(Exercise requirements):
Copy out again, unchanged, the listing below from the line that has "What is the cause" through the line that has "Answer scale should be: thousand. $110,161.".

(Records to process):
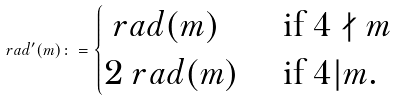<formula> <loc_0><loc_0><loc_500><loc_500>\ r a d ^ { \prime } ( m ) \colon = \begin{cases} \ r a d ( m ) & \text { if } 4 \nmid m \\ 2 \ r a d ( m ) & \text { if } 4 | m . \end{cases}</formula> 
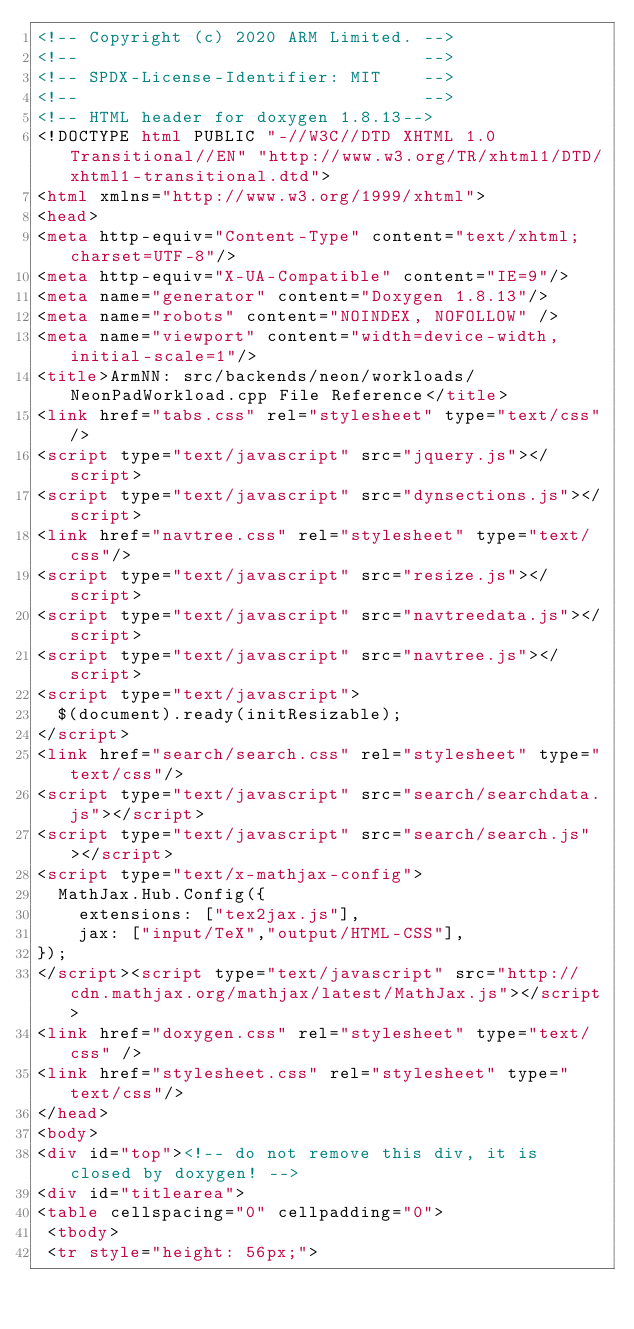<code> <loc_0><loc_0><loc_500><loc_500><_HTML_><!-- Copyright (c) 2020 ARM Limited. -->
<!--                                 -->
<!-- SPDX-License-Identifier: MIT    -->
<!--                                 -->
<!-- HTML header for doxygen 1.8.13-->
<!DOCTYPE html PUBLIC "-//W3C//DTD XHTML 1.0 Transitional//EN" "http://www.w3.org/TR/xhtml1/DTD/xhtml1-transitional.dtd">
<html xmlns="http://www.w3.org/1999/xhtml">
<head>
<meta http-equiv="Content-Type" content="text/xhtml;charset=UTF-8"/>
<meta http-equiv="X-UA-Compatible" content="IE=9"/>
<meta name="generator" content="Doxygen 1.8.13"/>
<meta name="robots" content="NOINDEX, NOFOLLOW" />
<meta name="viewport" content="width=device-width, initial-scale=1"/>
<title>ArmNN: src/backends/neon/workloads/NeonPadWorkload.cpp File Reference</title>
<link href="tabs.css" rel="stylesheet" type="text/css"/>
<script type="text/javascript" src="jquery.js"></script>
<script type="text/javascript" src="dynsections.js"></script>
<link href="navtree.css" rel="stylesheet" type="text/css"/>
<script type="text/javascript" src="resize.js"></script>
<script type="text/javascript" src="navtreedata.js"></script>
<script type="text/javascript" src="navtree.js"></script>
<script type="text/javascript">
  $(document).ready(initResizable);
</script>
<link href="search/search.css" rel="stylesheet" type="text/css"/>
<script type="text/javascript" src="search/searchdata.js"></script>
<script type="text/javascript" src="search/search.js"></script>
<script type="text/x-mathjax-config">
  MathJax.Hub.Config({
    extensions: ["tex2jax.js"],
    jax: ["input/TeX","output/HTML-CSS"],
});
</script><script type="text/javascript" src="http://cdn.mathjax.org/mathjax/latest/MathJax.js"></script>
<link href="doxygen.css" rel="stylesheet" type="text/css" />
<link href="stylesheet.css" rel="stylesheet" type="text/css"/>
</head>
<body>
<div id="top"><!-- do not remove this div, it is closed by doxygen! -->
<div id="titlearea">
<table cellspacing="0" cellpadding="0">
 <tbody>
 <tr style="height: 56px;"></code> 
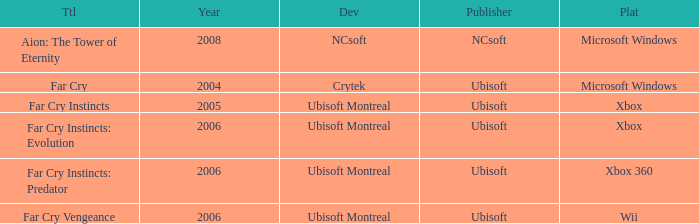What is the mean year featuring far cry vengeance as the title? 2006.0. 
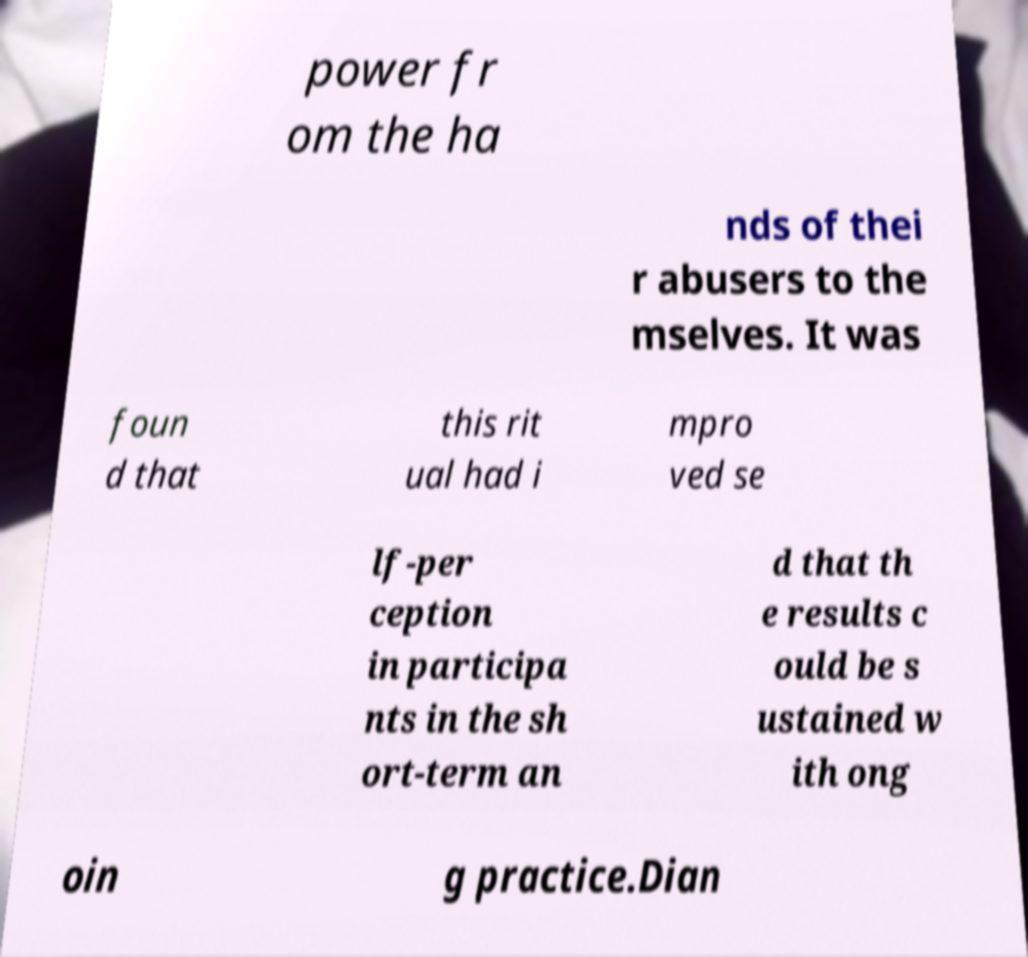For documentation purposes, I need the text within this image transcribed. Could you provide that? power fr om the ha nds of thei r abusers to the mselves. It was foun d that this rit ual had i mpro ved se lf-per ception in participa nts in the sh ort-term an d that th e results c ould be s ustained w ith ong oin g practice.Dian 
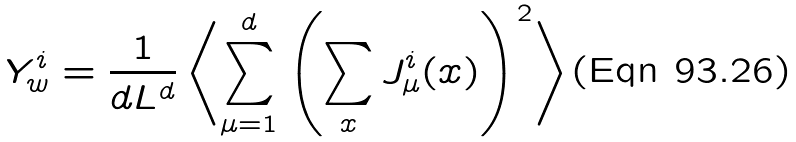Convert formula to latex. <formula><loc_0><loc_0><loc_500><loc_500>Y ^ { i } _ { w } = \frac { 1 } { d L ^ { d } } \left \langle \sum _ { \mu = 1 } ^ { d } \left ( \sum _ { x } J _ { \mu } ^ { i } ( x ) \right ) ^ { 2 } \right \rangle</formula> 
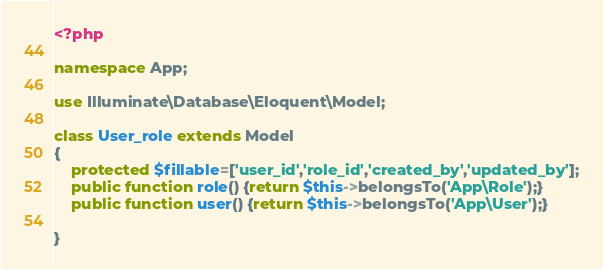Convert code to text. <code><loc_0><loc_0><loc_500><loc_500><_PHP_><?php

namespace App;

use Illuminate\Database\Eloquent\Model;

class User_role extends Model
{
    protected $fillable=['user_id','role_id','created_by','updated_by'];
    public function role() {return $this->belongsTo('App\Role');}
    public function user() {return $this->belongsTo('App\User');}

}
</code> 
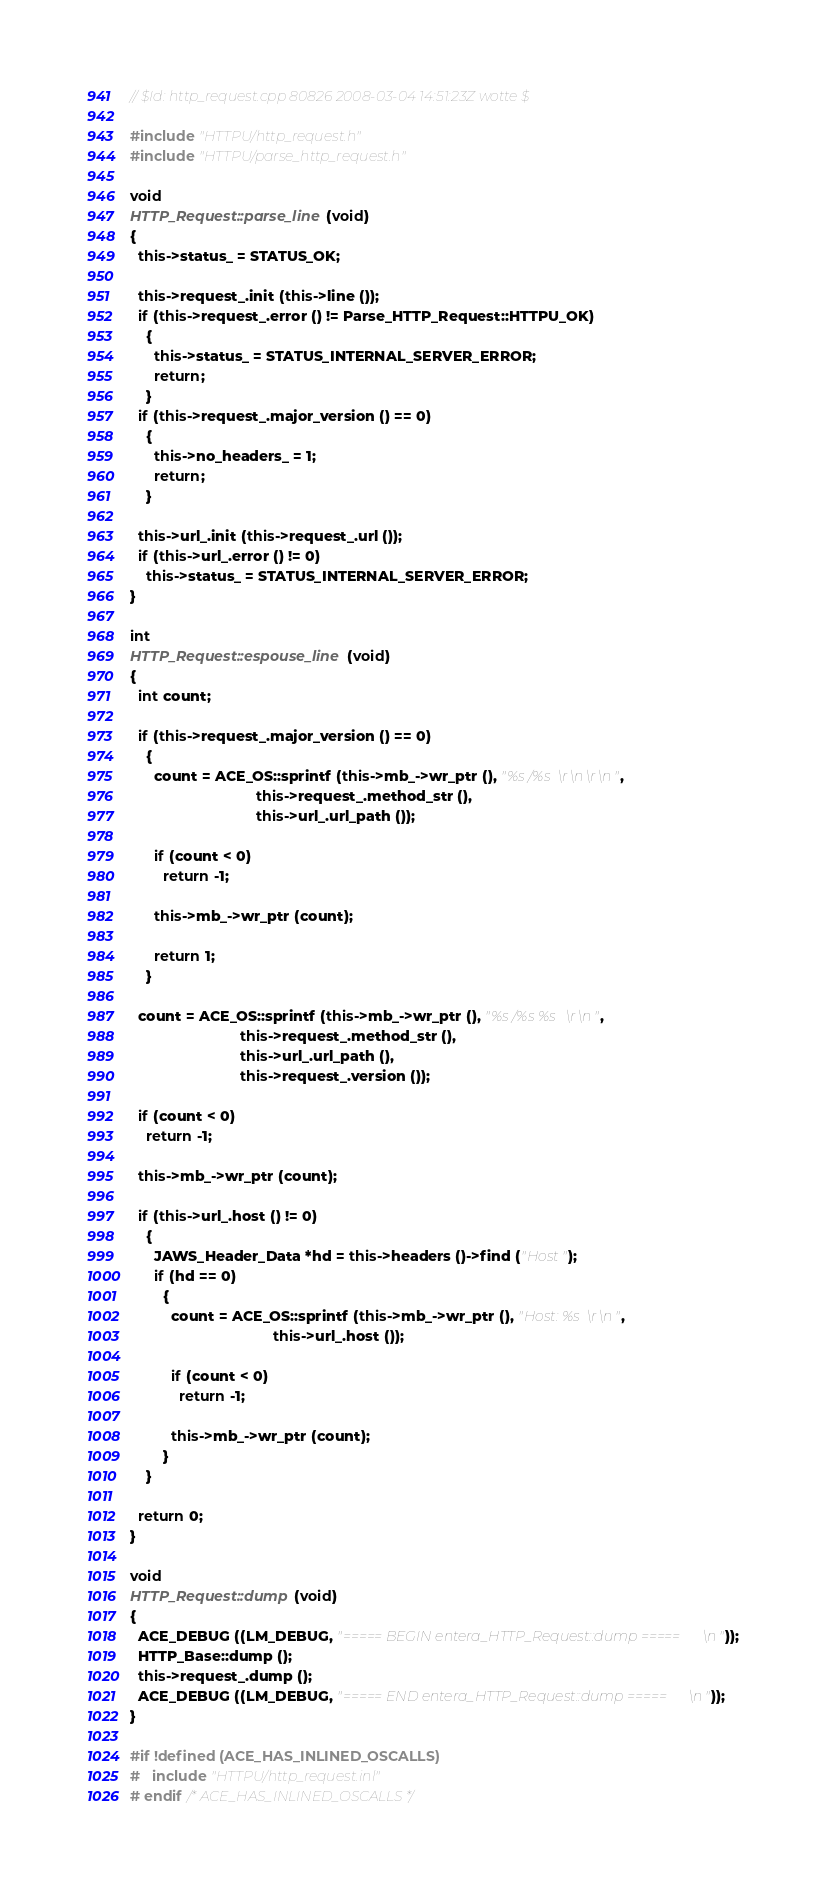Convert code to text. <code><loc_0><loc_0><loc_500><loc_500><_C++_>// $Id: http_request.cpp 80826 2008-03-04 14:51:23Z wotte $

#include "HTTPU/http_request.h"
#include "HTTPU/parse_http_request.h"

void
HTTP_Request::parse_line (void)
{
  this->status_ = STATUS_OK;

  this->request_.init (this->line ());
  if (this->request_.error () != Parse_HTTP_Request::HTTPU_OK)
    {
      this->status_ = STATUS_INTERNAL_SERVER_ERROR;
      return;
    }
  if (this->request_.major_version () == 0)
    {
      this->no_headers_ = 1;
      return;
    }

  this->url_.init (this->request_.url ());
  if (this->url_.error () != 0)
    this->status_ = STATUS_INTERNAL_SERVER_ERROR;
}

int
HTTP_Request::espouse_line (void)
{
  int count;

  if (this->request_.major_version () == 0)
    {
      count = ACE_OS::sprintf (this->mb_->wr_ptr (), "%s /%s\r\n\r\n",
                               this->request_.method_str (),
                               this->url_.url_path ());

      if (count < 0)
        return -1;

      this->mb_->wr_ptr (count);

      return 1;
    }

  count = ACE_OS::sprintf (this->mb_->wr_ptr (), "%s /%s %s\r\n",
                           this->request_.method_str (),
                           this->url_.url_path (),
                           this->request_.version ());

  if (count < 0)
    return -1;

  this->mb_->wr_ptr (count);

  if (this->url_.host () != 0)
    {
      JAWS_Header_Data *hd = this->headers ()->find ("Host");
      if (hd == 0)
        {
          count = ACE_OS::sprintf (this->mb_->wr_ptr (), "Host: %s\r\n",
                                   this->url_.host ());

          if (count < 0)
            return -1;

          this->mb_->wr_ptr (count);
        }
    }

  return 0;
}

void
HTTP_Request::dump (void)
{
  ACE_DEBUG ((LM_DEBUG, "===== BEGIN entera_HTTP_Request::dump =====\n"));
  HTTP_Base::dump ();
  this->request_.dump ();
  ACE_DEBUG ((LM_DEBUG, "===== END entera_HTTP_Request::dump =====\n"));
}

#if !defined (ACE_HAS_INLINED_OSCALLS)
#   include "HTTPU/http_request.inl"
# endif /* ACE_HAS_INLINED_OSCALLS */
</code> 
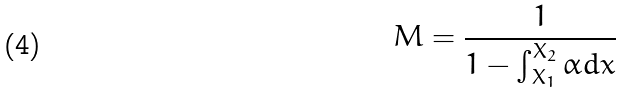Convert formula to latex. <formula><loc_0><loc_0><loc_500><loc_500>M = \frac { 1 } { 1 - \int _ { X _ { 1 } } ^ { X _ { 2 } } \alpha d x }</formula> 
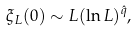<formula> <loc_0><loc_0><loc_500><loc_500>\xi _ { L } ( 0 ) \sim L ( \ln { L } ) ^ { \hat { q } } ,</formula> 
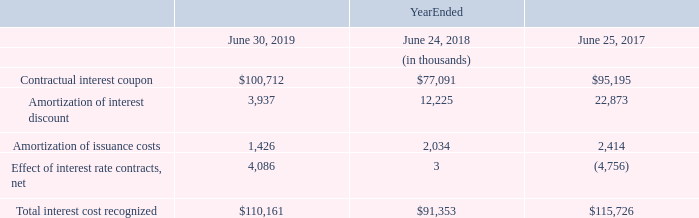Interest Cost
The following table presents the amount of interest cost recognized relating to both the contractual interest coupon and amortization of the debt discount, issuance costs, and effective portion of interest rate contracts with respect to the Senior Notes, convertible notes, the term loan agreement, commercial paper, and the revolving credit facility during the fiscal years ended June 30, 2019, June 24, 2018, and June 25, 2017.
The increase in interest expense during the 12 months ended June 30, 2019, is primarily the result of the issuance of $2.5 billion of Senior Notes in March 2019.
What is the cause of the increase in interest expense during the 12 months ended June 30, 2019? The issuance of $2.5 billion of senior notes in march 2019. What is total interest cost recognised in 2019?
Answer scale should be: thousand. $110,161. What is the contractual interest coupon in 2018?
Answer scale should be: thousand. $77,091. What is the percentage change in the Amortization of interest discount from 2018 to 2019?
Answer scale should be: percent. (3,937-12,225)/12,225
Answer: -67.8. What is the percentage change in the amortization of issuance costs from 2018 to 2019?
Answer scale should be: percent. (1,426-2,034)/2,034
Answer: -29.89. What is the percentage change in the total interest cost recognised from 2018 to 2019?
Answer scale should be: percent. (110,161-91,353)/91,353
Answer: 20.59.

(Result):
What is the cause of the increase in interest expense during the 12 months ended June 30, 2019? The issuance of $2.5 billion of senior notes in march 2019. What is total interest cost recognised in 2019?
Answer scale should be: thousand. $110,161. What is the contractual interest coupon in 2018?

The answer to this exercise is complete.